Ignorando o ex-militar agarrado ao parapeito da janela para não desmaiar devido à concussão, Radagad explicou:
“Acabamos de entrar no espaço aéreo do Império Styr, um Império de Nível 2. É a nação mais próxima de Hadrakin com um Portal de Transporte. Depois de pousar em Chalkyrm, usaremos um para nos teletransportar para Tartarus Shade, a cidade-estado que supervisiona as Terras em Guerra. Uma vez lá, vocês estarão sozinhos, mas ficarei com vocês até que tenham decidido onde pretendem estabelecer sua Estela de Elsisn.”
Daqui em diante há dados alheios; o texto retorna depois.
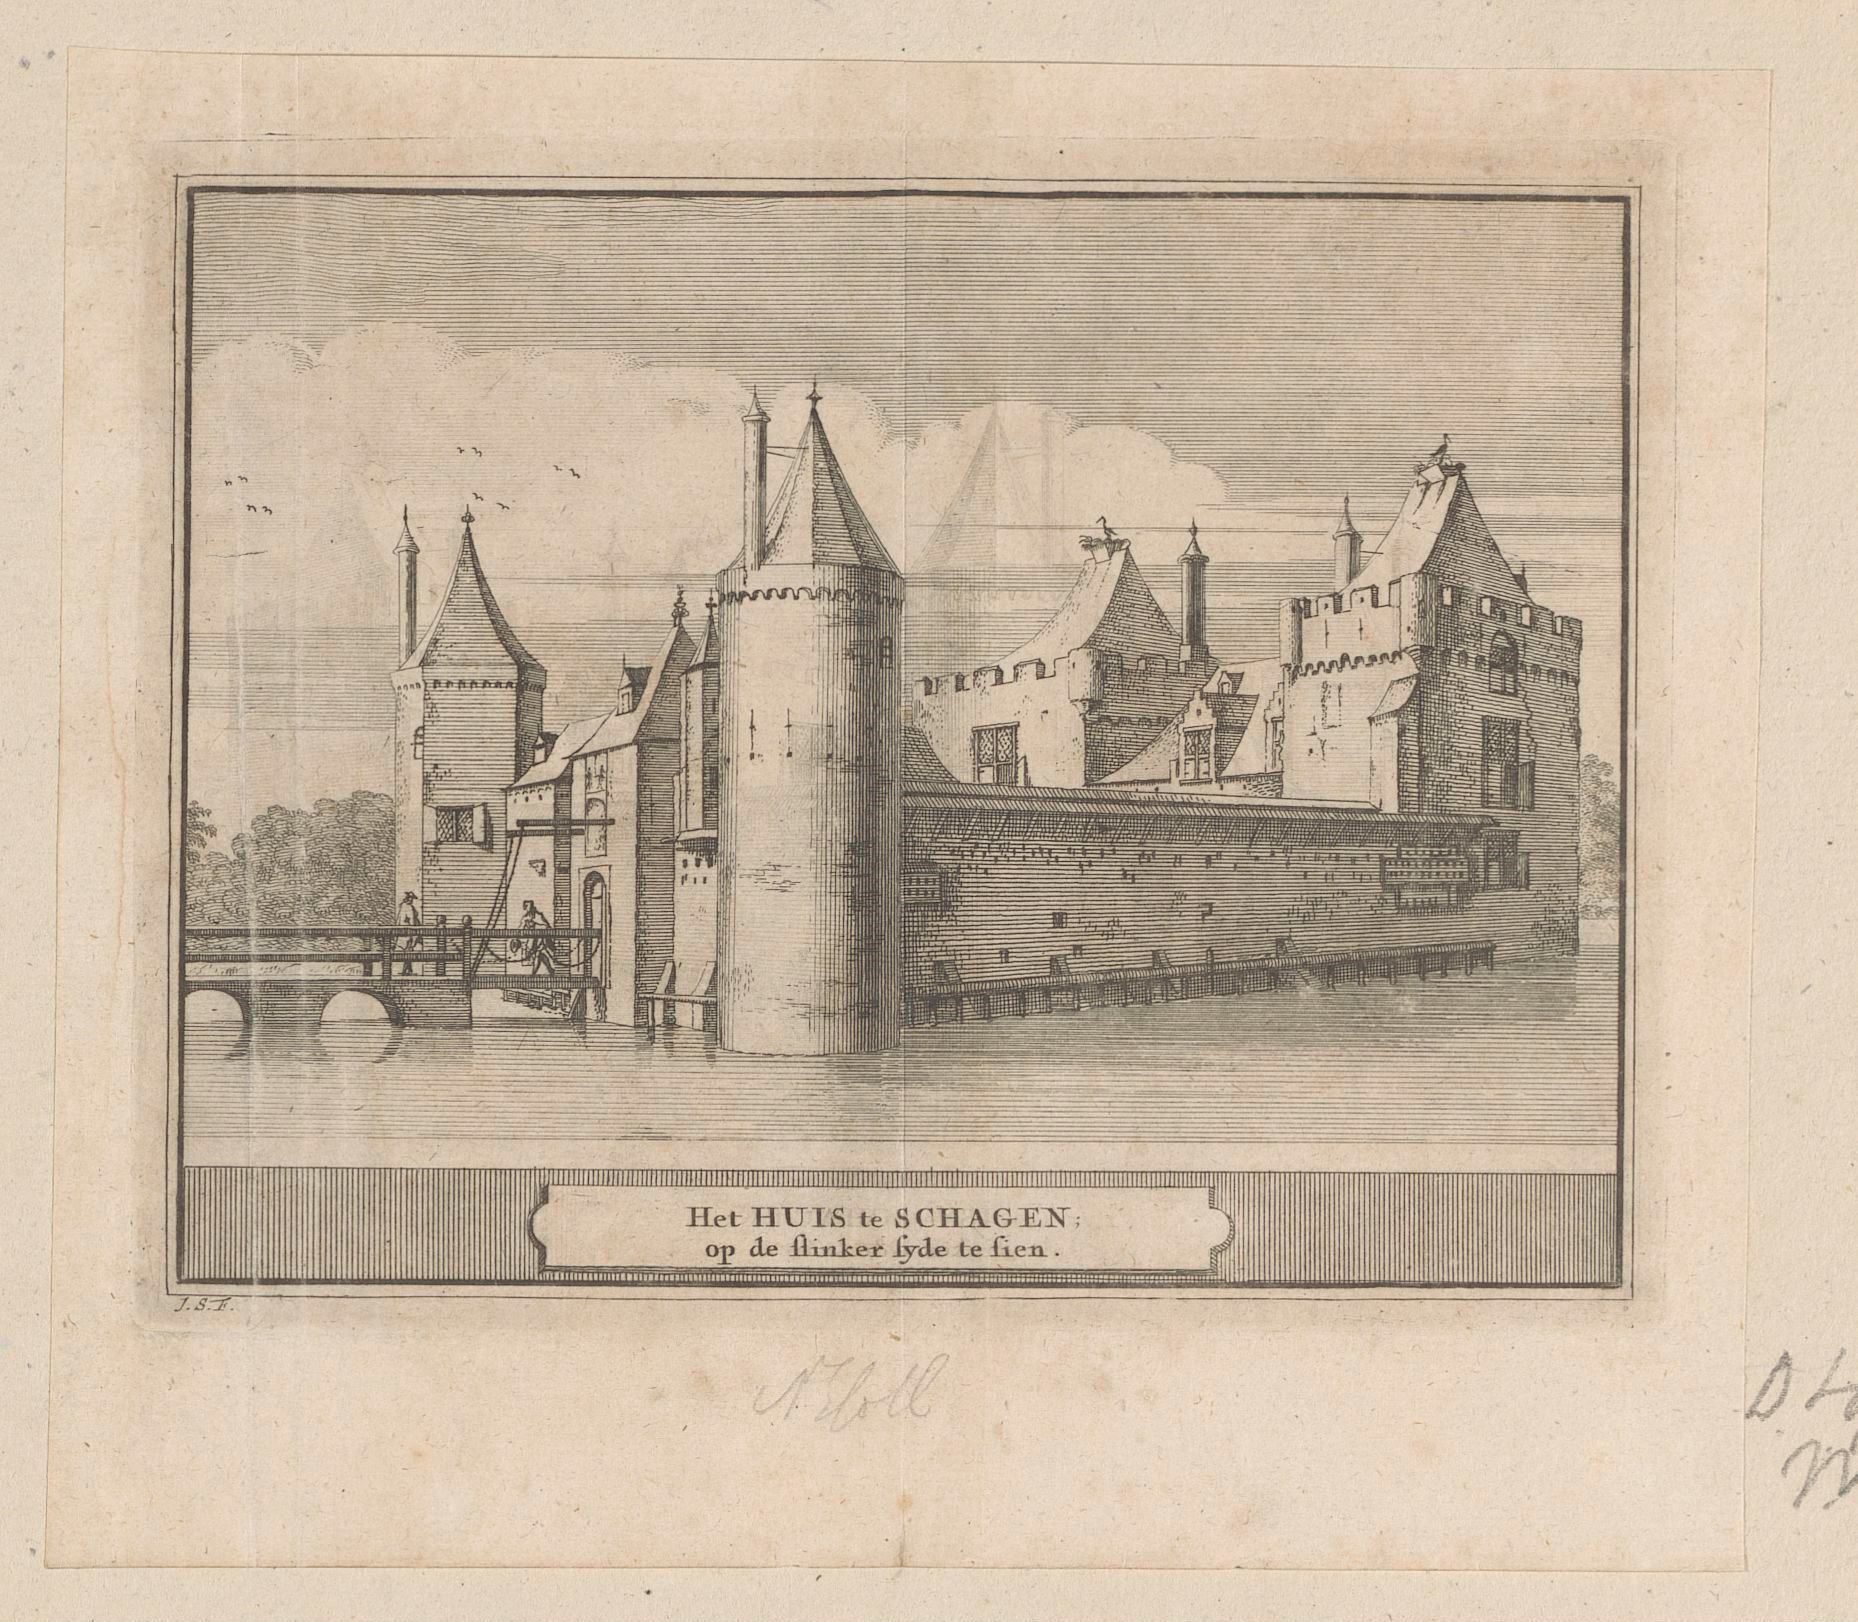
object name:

O grupo de “selvagens” ficou boquiaberto. Um portal de teletransporte? Em que tipo de mundo louco eles caíram?
Por um lado, a tecnologia das Terras Esquecidas estava lamentavelmente atrasada, pairando entre o Neolítico e a Idade do Bronze, e por outro lado havia coisas malucas como este Portal de Teletransporte que superava em muito a tecnologia da Terra. Provavelmente para sempre.
Mas enquanto Ikaris pensava sobre isso, percebeu que não era a primeira vez que eles se deparavam com esse tipo de anacronismo. A armadura dos Feiticeiros Corporais de Hadrakin parecia ser forjada de aço fino. Malia tinha sua própria espada de ferro e o Gryfal em que eles estavam se movia mais rápido do que a maioria dos aviões.
Este mundo era atrasado, mas a magia estava em toda parte, compensando parte do atraso e às vezes até se saindo muito melhor do que a ciência em algumas áreas. Ele estava ansioso para descobrir o que seria capaz de realizar se trouxesse sua formação científica para este planeta.
A magia e a ciência eram a maneira real de mudar o mundo.